Study material START

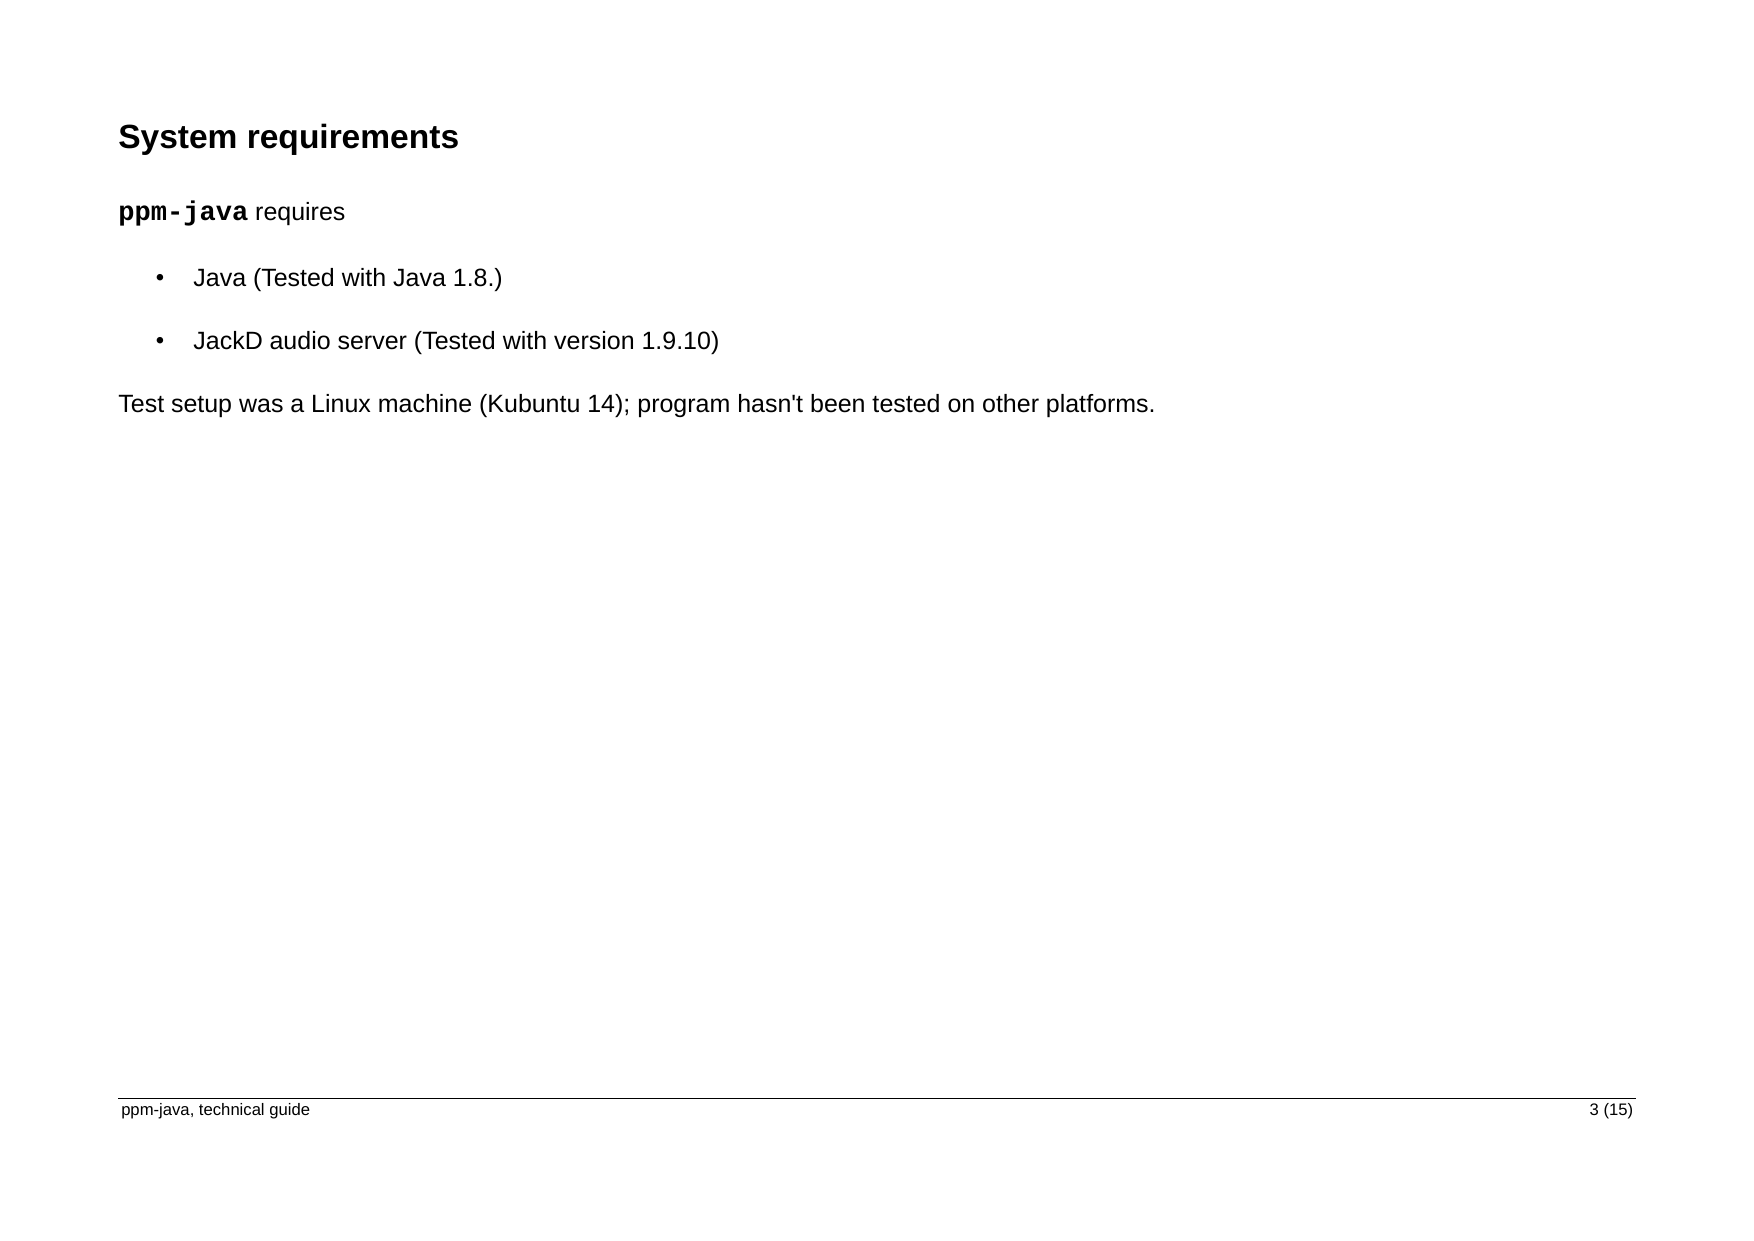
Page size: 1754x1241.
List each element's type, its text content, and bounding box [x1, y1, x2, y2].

text ppm-java requires [118, 198, 1636, 228]
text Test setup was a Linux machine (Kubuntu 14); program hasn't been tested on other platforms. [118, 390, 1636, 418]
list JackD audio server (Tested with version 1.9.10) [156, 327, 1636, 355]
list Java (Tested with Java 1.8.) [156, 264, 1636, 292]
subtitle System requirements [118, 118, 1636, 156]
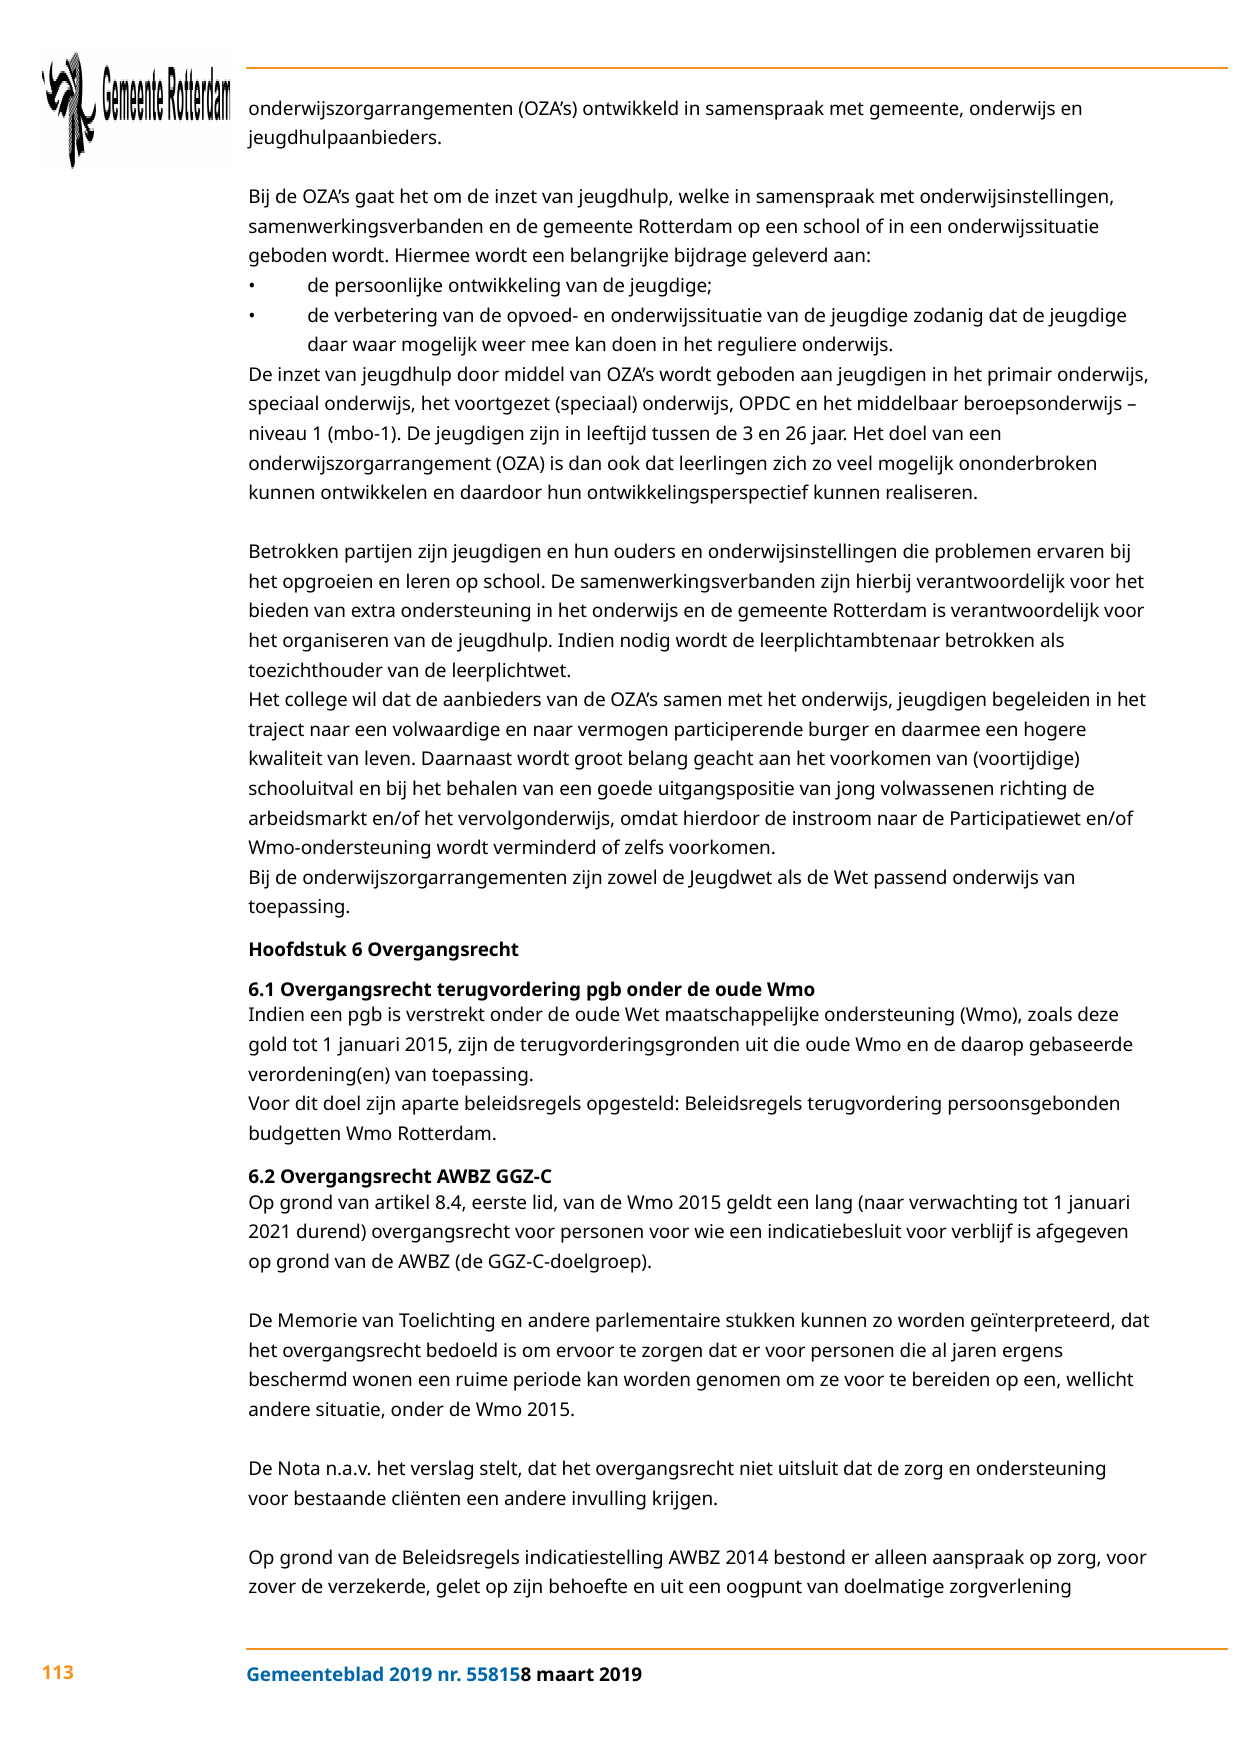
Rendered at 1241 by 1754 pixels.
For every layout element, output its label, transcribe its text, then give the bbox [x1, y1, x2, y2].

text Hoofdstuk 6 Overgangsrecht [248, 937, 1152, 962]
text Betrokken partijen zijn jeugdigen en hun ouders en onderwijsinstellingen die problemen ervaren bij het opgroeien en leren op school. De samenwerkingsverbanden zijn hierbij verantwoordelijk voor het bieden van extra ondersteuning in het onderwijs en de gemeente Rotterdam is verantwoordelijk voor het organiseren van de jeugdhulp. Indien nodig wordt de leerplichtambtenaar betrokken als toezichthouder van de leerplichtwet. [248, 538, 1152, 683]
text Op grond van de Beleidsregels indicatiestelling AWBZ 2014 bestond er alleen aanspraak op zorg, voor zover de verzekerde, gelet op zijn behoefte en uit een oogpunt van doelmatige zorgverlening [248, 1544, 1152, 1599]
text Het college wil dat de aanbieders van de OZA’s samen met het onderwijs, jeugdigen begeleiden in het traject naar een volwaardige en naar vermogen participerende burger en daarmee een hogere kwaliteit van leven. Daarnaast wordt groot belang geacht aan het voorkomen van (voortijdige) schooluitval en bij het behalen van een goede uitgangspositie van jong volwassenen richting de arbeidsmarkt en/of het vervolgonderwijs, omdat hierdoor de instroom naar de Participatiewet en/of Wmo-ondersteuning wordt verminderd of zelfs voorkomen. [248, 686, 1152, 860]
text De Nota n.a.v. het verslag stelt, dat het overgangsrecht niet uitsluit dat de zorg en ondersteuning voor bestaande cliënten een andere invulling krijgen. [248, 1455, 1152, 1510]
text Voor dit doel zijn aparte beleidsregels opgesteld: Beleidsregels terugvordering persoonsgebonden budgetten Wmo Rotterdam. [248, 1090, 1152, 1146]
text De Memorie van Toelichting en andere parlementaire stukken kunnen zo worden geïnterpreteerd, dat het overgangsrecht bedoeld is om ervoor te zorgen dat er voor personen die al jaren ergens beschermd wonen een ruime periode kan worden genomen om ze voor te bereiden op een, wellicht andere situatie, onder de Wmo 2015. [248, 1307, 1152, 1422]
text 6.1 Overgangsrecht terugvordering pgb onder de oude Wmo [248, 976, 1152, 1002]
text 6.2 Overgangsrecht AWBZ GGZ-C [248, 1163, 1152, 1189]
picture [41, 47, 231, 172]
text Bij de OZA’s gaat het om de inzet van jeugdhulp, welke in samenspraak met onderwijsinstellingen, samenwerkingsverbanden en de gemeente Rotterdam op een school of in een onderwijssituatie geboden wordt. Hiermee wordt een belangrijke bijdrage geleverd aan: [248, 183, 1152, 268]
text onderwijszorgarrangementen (OZA’s) ontwikkeld in samenspraak met gemeente, onderwijs en jeugdhulpaanbieders. [248, 95, 1152, 150]
list de verbetering van de opvoed- en onderwijssituatie van de jeugdige zodanig dat de jeugdige daar waar mogelijk weer mee kan doen in het reguliere onderwijs. [248, 302, 1152, 357]
text Bij de onderwijszorgarrangementen zijn zowel de Jeugdwet als de Wet passend onderwijs van toepassing. [248, 864, 1152, 919]
text Op grond van artikel 8.4, eerste lid, van de Wmo 2015 geldt een lang (naar verwachting tot 1 januari 2021 durend) overgangsrecht voor personen voor wie een indicatiebesluit voor verblijf is afgegeven op grond van de AWBZ (de GGZ-C-doelgroep). [248, 1189, 1152, 1274]
text Indien een pgb is verstrekt onder de oude Wet maatschappelijke ondersteuning (Wmo), zoals deze gold tot 1 januari 2015, zijn de terugvorderingsgronden uit die oude Wmo en de daarop gebaseerde verordening(en) van toepassing. [248, 1002, 1152, 1087]
text De inzet van jeugdhulp door middel van OZA’s wordt geboden aan jeugdigen in het primair onderwijs, speciaal onderwijs, het voortgezet (speciaal) onderwijs, OPDC en het middelbaar beroepsonderwijs – niveau 1 (mbo-1). De jeugdigen zijn in leeftijd tussen de 3 en 26 jaar. Het doel van een onderwijszorgarrangement (OZA) is dan ook dat leerlingen zich zo veel mogelijk ononderbroken kunnen ontwikkelen en daardoor hun ontwikkelingsperspectief kunnen realiseren. [248, 361, 1152, 505]
list de persoonlijke ontwikkeling van de jeugdige; [248, 272, 1152, 298]
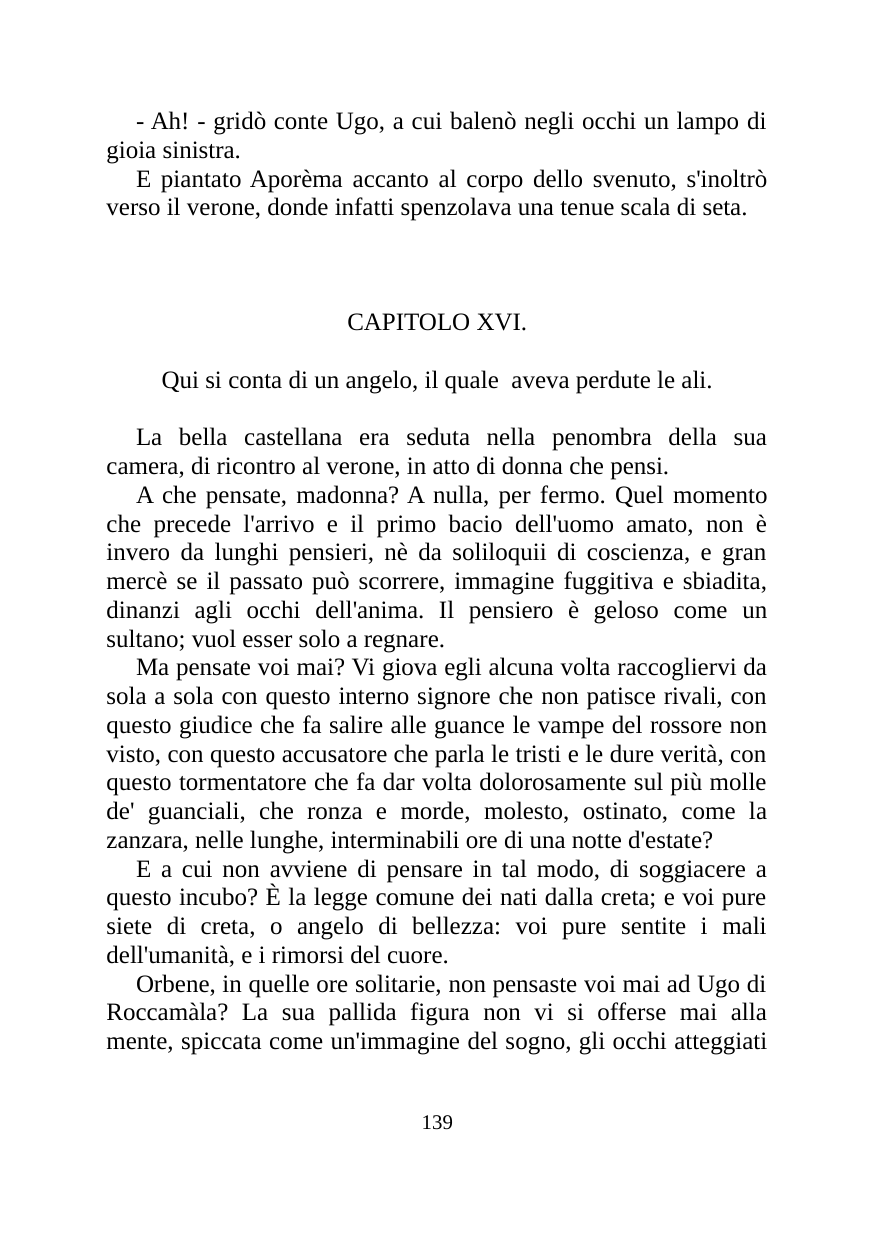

Study material END

:: Exercise instructions ::
Please give again, exactly and only, the lines from the top of the listing above through the line that has "text Het college", with pictures left out.

:: Final answer ::
Page size: 1754x1241.
List each element's type, its text content, and bounding box [x1, y1, x2, y2].

text ppm-java requires [118, 198, 1636, 228]
text Test setup was a Linux machine (Kubuntu 14); program hasn't been tested on other platforms. [118, 390, 1636, 418]
list JackD audio server (Tested with version 1.9.10) [156, 327, 1636, 355]
list Java (Tested with Java 1.8.) [156, 264, 1636, 292]
subtitle System requirements [118, 118, 1636, 156]
Rendered at 1241 by 1754 pixels.
For every layout element, output its label, transcribe its text, then give the bbox [x1, y1, x2, y2].

text Hoofdstuk 6 Overgangsrecht [248, 937, 1152, 962]
text Betrokken partijen zijn jeugdigen en hun ouders en onderwijsinstellingen die problemen ervaren bij het opgroeien en leren op school. De samenwerkingsverbanden zijn hierbij verantwoordelijk voor het bieden van extra ondersteuning in het onderwijs en de gemeente Rotterdam is verantwoordelijk voor het organiseren van de jeugdhulp. Indien nodig wordt de leerplichtambtenaar betrokken als toezichthouder van de leerplichtwet. [248, 538, 1152, 683]
text Op grond van de Beleidsregels indicatiestelling AWBZ 2014 bestond er alleen aanspraak op zorg, voor zover de verzekerde, gelet op zijn behoefte en uit een oogpunt van doelmatige zorgverlening [248, 1544, 1152, 1599]
text Het college wil dat de aanbieders van de OZA’s samen met het onderwijs, jeugdigen begeleiden in het traject naar een volwaardige en naar vermogen participerende burger en daarmee een hogere kwaliteit van leven. Daarnaast wordt groot belang geacht aan het voorkomen van (voortijdige) schooluitval en bij het behalen van een goede uitgangspositie van jong volwassenen richting de arbeidsmarkt en/of het vervolgonderwijs, omdat hierdoor de instroom naar de Participatiewet en/of Wmo-ondersteuning wordt verminderd of zelfs voorkomen. [248, 686, 1152, 860]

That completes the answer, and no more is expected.